The disclosures of each and every patent, patent application, and publication cited herein are hereby incorporated herein by reference in their entirety. While this invention has been disclosed with reference to specific embodiments, it is apparent that other embodiments and variations of this invention may be devised by others skilled in the art without departing from the true spirit and scope of the invention. The appended claims are intended to be construed to include all such embodiments and equivalent variations.

Claims

1. A neural network accelerator architecture for multiple task adaptation, comprising:

a volatile memory comprising a plurality of subarrays, each subarray comprising M rows and N columns of volatile memory cells;

a source line driver connected to a plurality of N source lines, each source line corresponding to a column in the subarray;

a binary mask buffer memory having size at least N bits, each bit corresponding to a column in the subarray, where a 0 corresponds to turning off the column for a convolution operation and a 1 corresponds to turning on the column for the convolution operation; and

a controller configured to selectively drive each of the N source lines with a corresponding value from the mask buffer;

wherein each column in the subarray is configured to store a convolution kernel.

2. The neural network accelerator of claim 1, wherein the volatile memory is a random access memory.

3. The neural network accelerator of claim 2, wherein the volatile memory is a resistive random access memory.

4. The neural network accelerator of claim 1, further comprising:

a real-valued mask buffer configured to store a calculated real-valued mask; and

a sigmoid element configured to convert the real-valued mask into a binary mask for storage in the binary mask buffer memory.

5. The neural network accelerator of claim 1, wherein the real-valued mask buffer comprises floating-point values and the sigmoid element is a thresholding element having a threshold of 0.5.

6. The neural network accelerator of claim 1, wherein each volatile memory cell stores 2 bits.

7. The neural network accelerator of claim 6, further comprising a plurality of N/2 shift-adders, each configured to combine two 2-bit weights from adjacent columns of the subarray into a 4-bit partial sum activation.

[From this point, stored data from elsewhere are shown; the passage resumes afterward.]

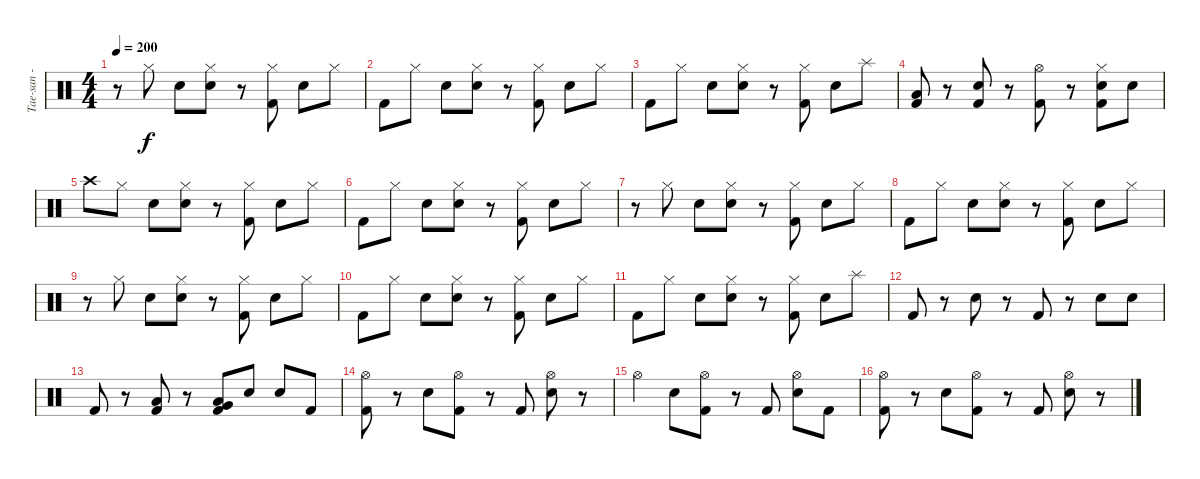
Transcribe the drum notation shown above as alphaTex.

\track ("Tae-san - Drums" "Tae-san - ") {instrument percussion}
\staff {score}
\articulation defaults
\ts (4 4)
\tempo 200
\clef neutral
\ks c
r.8{dy f} "Hi-Hat (closed)".8 "Electric Snare (hit)".8 ("Electric Snare (hit)" "Hi-Hat (closed)").8 r.8 ("Kick (hit) 2" "Hi-Hat (closed)").8 "Electric Snare (hit)".8 "Hi-Hat (closed)".8 |
"Kick (hit) 2".8 "Hi-Hat (closed)".8 "Electric Snare (hit)".8 ("Electric Snare (hit)" "Hi-Hat (closed)").8 r.8 ("Kick (hit) 2" "Hi-Hat (closed)").8 "Electric Snare (hit)".8 "Hi-Hat (closed)".8 |
"Kick (hit) 2".8 "Hi-Hat (closed)".8 "Electric Snare (hit)".8 ("Electric Snare (hit)" "Hi-Hat (closed)").8 r.8 ("Kick (hit) 2" "Hi-Hat (closed)").8 "Electric Snare (hit)".8 "Splash (hit)".8 |
("Kick (hit) 2" "Low Tom (hit)").8 r.8 ("Kick (hit) 2" "Electric Snare (hit)").8 r.8 ("Kick (hit) 2" "Hi-Hat (open)").8 r.8 ("Kick (hit) 2" "Electric Snare (hit)" "Hi-Hat (closed)").8 "Electric Snare (hit)".8 |
"Crash high (hit)".8 "Hi-Hat (closed)".8 "Electric Snare (hit)".8 ("Electric Snare (hit)" "Hi-Hat (closed)").8 r.8 ("Kick (hit) 2" "Hi-Hat (closed)").8 "Electric Snare (hit)".8 "Hi-Hat (closed)".8 |
"Kick (hit) 2".8 "Hi-Hat (closed)".8 "Electric Snare (hit)".8 ("Electric Snare (hit)" "Hi-Hat (closed)").8 r.8 ("Kick (hit) 2" "Hi-Hat (closed)").8 "Electric Snare (hit)".8 "Hi-Hat (closed)".8 |
r.8 "Hi-Hat (closed)".8 "Electric Snare (hit)".8 ("Electric Snare (hit)" "Hi-Hat (closed)").8 r.8 ("Kick (hit) 2" "Hi-Hat (closed)").8 "Electric Snare (hit)".8 "Hi-Hat (closed)".8 |
"Kick (hit) 2".8 "Hi-Hat (closed)".8 "Electric Snare (hit)".8 ("Electric Snare (hit)" "Hi-Hat (closed)").8 r.8 ("Kick (hit) 2" "Hi-Hat (closed)").8 "Electric Snare (hit)".8 "Hi-Hat (closed)".8 |
r.8 "Hi-Hat (closed)".8 "Electric Snare (hit)".8 ("Electric Snare (hit)" "Hi-Hat (closed)").8 r.8 ("Kick (hit) 2" "Hi-Hat (closed)").8 "Electric Snare (hit)".8 "Hi-Hat (closed)".8 |
"Kick (hit) 2".8 "Hi-Hat (closed)".8 "Electric Snare (hit)".8 ("Electric Snare (hit)" "Hi-Hat (closed)").8 r.8 ("Kick (hit) 2" "Hi-Hat (closed)").8 "Electric Snare (hit)".8 "Hi-Hat (closed)".8 |
"Kick (hit) 2".8 "Hi-Hat (closed)".8 "Electric Snare (hit)".8 ("Electric Snare (hit)" "Hi-Hat (closed)").8 r.8 ("Kick (hit) 2" "Hi-Hat (closed)").8 "Electric Snare (hit)".8 "Splash (hit)".8 |
"Kick (hit) 2".8 r.8 "Electric Snare (hit)".8 r.8 "Kick (hit) 2".8 r.8 "Electric Snare (hit)".8 "Electric Snare (hit)".8 |
"Kick (hit) 2".8 r.8 ("Kick (hit) 2" "Low Tom (hit)").8 r.8 ("Kick (hit) 2" "Low Floor Tom (hit)" "Very Low Tom (hit)").8 "Electric Snare (hit)".8 "Electric Snare (hit)".8 "Kick (hit) 2".8 |
("Kick (hit) 2" "Hi-Hat (open)").8 r.8 "Electric Snare (hit)".8 ("Kick (hit) 2" "Hi-Hat (open)").8 r.8 "Kick (hit) 2".8 ("Electric Snare (hit)" "Hi-Hat (open)").8 r.8 |
"Hi-Hat (open)".4 "Electric Snare (hit)".8 ("Kick (hit) 2" "Hi-Hat (open)").8 r.8 "Kick (hit) 2".8 ("Electric Snare (hit)" "Hi-Hat (open)").8 "Kick (hit) 2".8 |
("Kick (hit) 2" "Hi-Hat (open)").8 r.8 "Electric Snare (hit)".8 ("Kick (hit) 2" "Hi-Hat (open)").8 r.8 "Kick (hit) 2".8 ("Electric Snare (hit)" "Hi-Hat (open)").8 r.8

8. The neural network accelerator of claim 1, wherein the binary mask buffer memory has a size of at least 2N bits, and is configured to store two separate masks of size N, each bit of each mask corresponding to a column in the subarray.

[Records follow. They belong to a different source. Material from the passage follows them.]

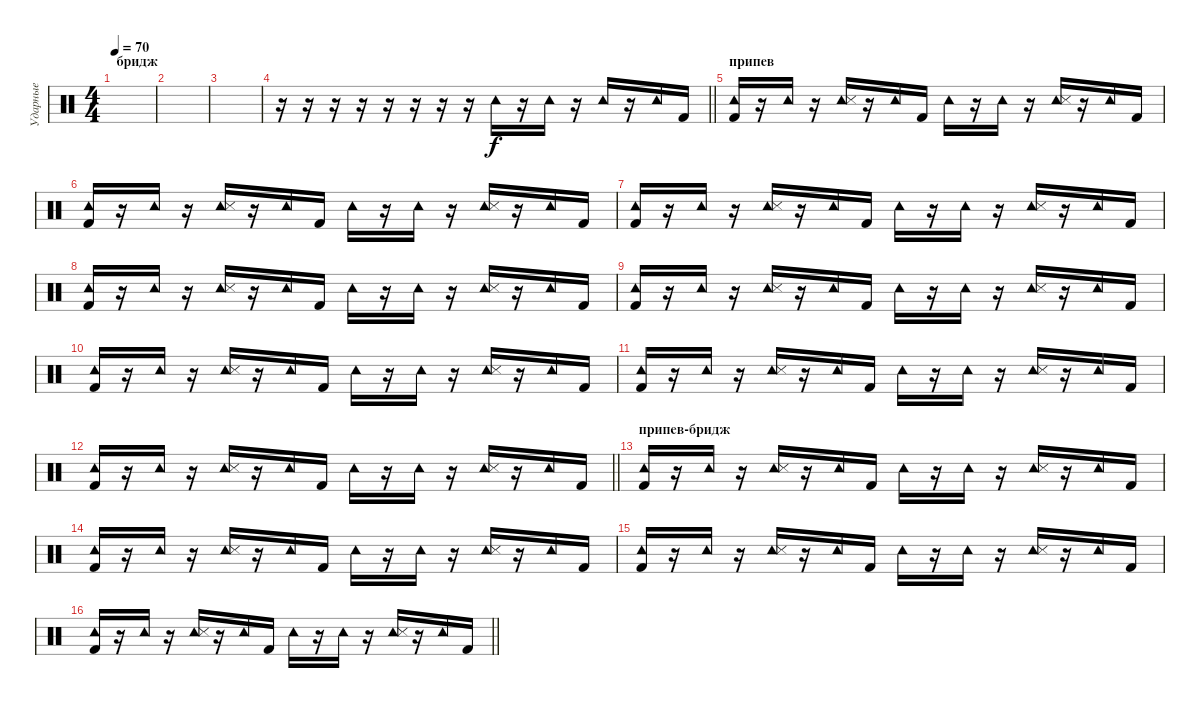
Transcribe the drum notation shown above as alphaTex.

\track ("Ударные" "Ударные") {instrument percussion}
\staff {score}
\articulation defaults
\ts (4 4)
\section ("" "бридж")
\tempo 70
\clef neutral
\ks c
|
|
|
\barLineRight lightlight
r.16 r.16 r.16 r.16 r.16 r.16 r.16 r.16 "Tambourine (hit)".16 r.16 "Tambourine (hit)".16 r.16 "Tambourine (hit)".16 r.16 "Tambourine (hit)".16 "Kick (hit) 2".16 |
\section ("" "припев")
("Tambourine (hit)" "Kick (hit) 2").16 r.16 "Tambourine (hit)".16 r.16 ("Tambourine (hit)" "Snare (side stick) 3").16 r.16 "Tambourine (hit)".16 "Kick (hit) 2".16 "Tambourine (hit)".16 r.16 "Tambourine (hit)".16 r.16 ("Tambourine (hit)" "Snare (side stick) 3").16 r.16 "Tambourine (hit)".16 "Kick (hit) 2".16 |
("Tambourine (hit)" "Kick (hit) 2").16 r.16 "Tambourine (hit)".16 r.16 ("Tambourine (hit)" "Snare (side stick) 3").16 r.16 "Tambourine (hit)".16 "Kick (hit) 2".16 "Tambourine (hit)".16 r.16 "Tambourine (hit)".16 r.16 ("Tambourine (hit)" "Snare (side stick) 3").16 r.16 "Tambourine (hit)".16 "Kick (hit) 2".16 |
("Tambourine (hit)" "Kick (hit) 2").16 r.16 "Tambourine (hit)".16 r.16 ("Tambourine (hit)" "Snare (side stick) 3").16 r.16 "Tambourine (hit)".16 "Kick (hit) 2".16 "Tambourine (hit)".16 r.16 "Tambourine (hit)".16 r.16 ("Tambourine (hit)" "Snare (side stick) 3").16 r.16 "Tambourine (hit)".16 "Kick (hit) 2".16 |
("Tambourine (hit)" "Kick (hit) 2").16 r.16 "Tambourine (hit)".16 r.16 ("Tambourine (hit)" "Snare (side stick) 3").16 r.16 "Tambourine (hit)".16 "Kick (hit) 2".16 "Tambourine (hit)".16 r.16 "Tambourine (hit)".16 r.16 ("Tambourine (hit)" "Snare (side stick) 3").16 r.16 "Tambourine (hit)".16 "Kick (hit) 2".16 |
("Tambourine (hit)" "Kick (hit) 2").16 r.16 "Tambourine (hit)".16 r.16 ("Tambourine (hit)" "Snare (side stick) 3").16 r.16 "Tambourine (hit)".16 "Kick (hit) 2".16 "Tambourine (hit)".16 r.16 "Tambourine (hit)".16 r.16 ("Tambourine (hit)" "Snare (side stick) 3").16 r.16 "Tambourine (hit)".16 "Kick (hit) 2".16 |
("Tambourine (hit)" "Kick (hit) 2").16 r.16 "Tambourine (hit)".16 r.16 ("Tambourine (hit)" "Snare (side stick) 3").16 r.16 "Tambourine (hit)".16 "Kick (hit) 2".16 "Tambourine (hit)".16 r.16 "Tambourine (hit)".16 r.16 ("Tambourine (hit)" "Snare (side stick) 3").16 r.16 "Tambourine (hit)".16 "Kick (hit) 2".16 |
("Tambourine (hit)" "Kick (hit) 2").16 r.16 "Tambourine (hit)".16 r.16 ("Tambourine (hit)" "Snare (side stick) 3").16 r.16 "Tambourine (hit)".16 "Kick (hit) 2".16 "Tambourine (hit)".16 r.16 "Tambourine (hit)".16 r.16 ("Tambourine (hit)" "Snare (side stick) 3").16 r.16 "Tambourine (hit)".16 "Kick (hit) 2".16 |
\barLineRight lightlight
("Tambourine (hit)" "Kick (hit) 2").16 r.16 "Tambourine (hit)".16 r.16 ("Tambourine (hit)" "Snare (side stick) 3").16 r.16 "Tambourine (hit)".16 "Kick (hit) 2".16 "Tambourine (hit)".16 r.16 "Tambourine (hit)".16 r.16 ("Tambourine (hit)" "Snare (side stick) 3").16 r.16 "Tambourine (hit)".16 "Kick (hit) 2".16 |
\section ("" "припев-бридж")
("Tambourine (hit)" "Kick (hit) 2").16 r.16 "Tambourine (hit)".16 r.16 ("Tambourine (hit)" "Snare (side stick) 3").16 r.16 "Tambourine (hit)".16 "Kick (hit) 2".16 "Tambourine (hit)".16 r.16 "Tambourine (hit)".16 r.16 ("Tambourine (hit)" "Snare (side stick) 3").16 r.16 "Tambourine (hit)".16 "Kick (hit) 2".16 |
("Tambourine (hit)" "Kick (hit) 2").16 r.16 "Tambourine (hit)".16 r.16 ("Tambourine (hit)" "Snare (side stick) 3").16 r.16 "Tambourine (hit)".16 "Kick (hit) 2".16 "Tambourine (hit)".16 r.16 "Tambourine (hit)".16 r.16 ("Tambourine (hit)" "Snare (side stick) 3").16 r.16 "Tambourine (hit)".16 "Kick (hit) 2".16 |
("Tambourine (hit)" "Kick (hit) 2").16 r.16 "Tambourine (hit)".16 r.16 ("Tambourine (hit)" "Snare (side stick) 3").16 r.16 "Tambourine (hit)".16 "Kick (hit) 2".16 "Tambourine (hit)".16 r.16 "Tambourine (hit)".16 r.16 ("Tambourine (hit)" "Snare (side stick) 3").16 r.16 "Tambourine (hit)".16 "Kick (hit) 2".16 |
\barLineRight lightlight
("Tambourine (hit)" "Kick (hit) 2").16 r.16 "Tambourine (hit)".16 r.16 ("Tambourine (hit)" "Snare (side stick) 3").16 r.16 "Tambourine (hit)".16 "Kick (hit) 2".16 "Tambourine (hit)".16 r.16 "Tambourine (hit)".16 r.16 ("Tambourine (hit)" "Snare (side stick) 3").16 r.16 "Tambourine (hit)".16 "Kick (hit) 2".16

10. A method of machine learning for multiple task adaptation, comprising:

loading a backbone model into a volatile memory, the volatile memory comprising a plurality of subarrays, each subarray comprising M rows and N columns of volatile memory cells, wherein each column of the N columns is configured to store a convolution kernel of the backbone model;

selecting a set of tasks to run on the backbone model, each task having a corresponding binary mask configured to enable or disable each of the N columns of the subarray;

selecting one task of the set of tasks and applying the binary mask corresponding to the task to the N columns of the subarray, disabling at least one column of the subarray; and

executing the task on the backbone model, ignoring the disabled convolution kernel to calculate a result.

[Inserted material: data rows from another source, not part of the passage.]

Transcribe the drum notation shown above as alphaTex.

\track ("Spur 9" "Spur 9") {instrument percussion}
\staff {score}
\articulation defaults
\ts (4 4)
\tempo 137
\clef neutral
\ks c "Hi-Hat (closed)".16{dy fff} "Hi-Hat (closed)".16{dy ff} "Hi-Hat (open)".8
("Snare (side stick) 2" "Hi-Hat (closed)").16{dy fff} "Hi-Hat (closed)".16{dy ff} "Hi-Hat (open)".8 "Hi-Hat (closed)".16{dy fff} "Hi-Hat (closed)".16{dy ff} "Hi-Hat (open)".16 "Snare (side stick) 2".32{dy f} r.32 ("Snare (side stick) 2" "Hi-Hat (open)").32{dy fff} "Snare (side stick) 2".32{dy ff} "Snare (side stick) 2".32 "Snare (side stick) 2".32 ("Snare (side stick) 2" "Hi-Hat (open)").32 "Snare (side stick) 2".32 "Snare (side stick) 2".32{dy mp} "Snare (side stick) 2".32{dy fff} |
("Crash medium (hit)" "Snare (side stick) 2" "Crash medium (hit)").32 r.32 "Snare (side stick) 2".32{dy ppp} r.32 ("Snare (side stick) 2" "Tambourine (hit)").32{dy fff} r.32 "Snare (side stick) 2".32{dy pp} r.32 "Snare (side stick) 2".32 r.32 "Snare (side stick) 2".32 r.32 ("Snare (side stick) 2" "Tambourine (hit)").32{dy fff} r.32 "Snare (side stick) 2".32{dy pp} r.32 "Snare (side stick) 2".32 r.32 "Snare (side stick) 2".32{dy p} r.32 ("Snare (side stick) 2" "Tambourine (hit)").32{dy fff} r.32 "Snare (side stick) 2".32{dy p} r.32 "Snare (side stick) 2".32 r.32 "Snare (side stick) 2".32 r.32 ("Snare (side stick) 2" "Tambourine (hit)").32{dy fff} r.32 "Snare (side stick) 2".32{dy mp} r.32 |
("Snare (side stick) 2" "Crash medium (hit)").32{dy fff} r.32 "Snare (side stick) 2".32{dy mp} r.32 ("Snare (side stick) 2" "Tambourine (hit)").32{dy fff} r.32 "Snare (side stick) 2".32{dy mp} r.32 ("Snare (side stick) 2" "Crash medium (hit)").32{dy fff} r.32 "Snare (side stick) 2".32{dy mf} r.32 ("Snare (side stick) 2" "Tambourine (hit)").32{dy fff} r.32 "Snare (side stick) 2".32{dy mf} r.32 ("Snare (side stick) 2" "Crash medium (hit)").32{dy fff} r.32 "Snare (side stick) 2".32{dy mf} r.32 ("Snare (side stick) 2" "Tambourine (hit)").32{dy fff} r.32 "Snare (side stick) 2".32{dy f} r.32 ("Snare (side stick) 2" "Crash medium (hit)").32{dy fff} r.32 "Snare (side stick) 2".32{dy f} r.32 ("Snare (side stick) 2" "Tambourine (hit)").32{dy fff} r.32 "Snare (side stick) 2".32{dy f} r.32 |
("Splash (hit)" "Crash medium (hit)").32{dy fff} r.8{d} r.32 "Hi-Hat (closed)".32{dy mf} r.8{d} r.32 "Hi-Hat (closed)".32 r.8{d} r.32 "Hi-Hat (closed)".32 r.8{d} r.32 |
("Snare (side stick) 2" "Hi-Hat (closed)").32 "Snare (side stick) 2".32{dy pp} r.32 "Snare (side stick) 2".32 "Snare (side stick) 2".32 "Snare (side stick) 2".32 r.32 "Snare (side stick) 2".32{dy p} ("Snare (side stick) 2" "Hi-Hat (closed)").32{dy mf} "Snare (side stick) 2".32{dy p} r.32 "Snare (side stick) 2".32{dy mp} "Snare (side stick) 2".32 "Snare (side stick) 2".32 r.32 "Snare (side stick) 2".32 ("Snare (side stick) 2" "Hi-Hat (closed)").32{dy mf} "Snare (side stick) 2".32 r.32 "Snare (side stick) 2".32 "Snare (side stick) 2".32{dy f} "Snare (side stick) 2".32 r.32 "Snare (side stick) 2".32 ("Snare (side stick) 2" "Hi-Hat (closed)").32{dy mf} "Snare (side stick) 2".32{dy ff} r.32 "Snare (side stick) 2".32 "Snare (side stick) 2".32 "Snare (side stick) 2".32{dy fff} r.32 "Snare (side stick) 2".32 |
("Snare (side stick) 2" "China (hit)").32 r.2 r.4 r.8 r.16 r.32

11. The method of claim 10, further comprising the steps of calculating real-valued masks to correspond to each task in the set of tasks; and

calculating the corresponding binary masks from the real-valued masks with a sigmoid function.

12. The method of claim 10, wherein the volatile memory is a random-access memory.

13. The method of claim 12, wherein the random-access memory is a resistive random-access memory.

14. The method of claim 10, further comprising calculating a first partial sum in a first subarray of the plurality of subarrays, and a second partial sum in a second subarray of the plurality of subarrays; and

combining the first and second partial sums to calculate an activation.